▶ Provided material
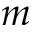Convert formula to latex. <formula><loc_0><loc_0><loc_500><loc_500>m</formula> 
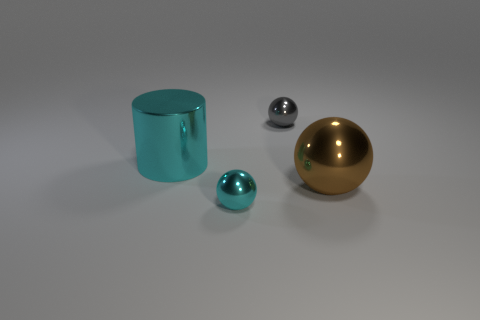Is the material of the large cyan cylinder the same as the brown sphere?
Provide a short and direct response. Yes. There is a tiny sphere that is in front of the cyan metallic cylinder; how many cyan metallic cylinders are in front of it?
Offer a very short reply. 0. Is there a large red metal object of the same shape as the tiny cyan object?
Provide a succinct answer. No. Does the metal object behind the large cyan object have the same shape as the large shiny object to the right of the big cyan metallic cylinder?
Provide a short and direct response. Yes. There is a thing that is both on the left side of the gray metal object and behind the cyan metallic ball; what is its shape?
Your answer should be very brief. Cylinder. Is there a cyan matte cube of the same size as the brown thing?
Provide a succinct answer. No. Does the cylinder have the same color as the tiny sphere behind the large brown shiny sphere?
Provide a short and direct response. No. What material is the large sphere?
Ensure brevity in your answer.  Metal. The small object that is behind the big cylinder is what color?
Your answer should be compact. Gray. How many big things are the same color as the metal cylinder?
Ensure brevity in your answer.  0.

▶ Exercise requirements
Pictures do not belong in the copy. Output all of the records exactly.

▶ Result of this exercise
Convert formula to latex. <formula><loc_0><loc_0><loc_500><loc_500>m</formula> 
Is the material of the large cyan cylinder the same as the brown sphere?
Provide a short and direct response. Yes. There is a tiny sphere that is in front of the cyan metallic cylinder; how many cyan metallic cylinders are in front of it?
Offer a very short reply. 0. Is there a large red metal object of the same shape as the tiny cyan object?
Provide a succinct answer. No. Does the metal object behind the large cyan object have the same shape as the large shiny object to the right of the big cyan metallic cylinder?
Provide a short and direct response. Yes. There is a thing that is both on the left side of the gray metal object and behind the cyan metallic ball; what is its shape?
Your answer should be very brief. Cylinder. Is there a cyan matte cube of the same size as the brown thing?
Provide a succinct answer. No. Does the cylinder have the same color as the tiny sphere behind the large brown shiny sphere?
Provide a short and direct response. No. What material is the large sphere?
Ensure brevity in your answer.  Metal. The small object that is behind the big cylinder is what color?
Your answer should be compact. Gray. How many big things are the same color as the metal cylinder?
Ensure brevity in your answer.  0.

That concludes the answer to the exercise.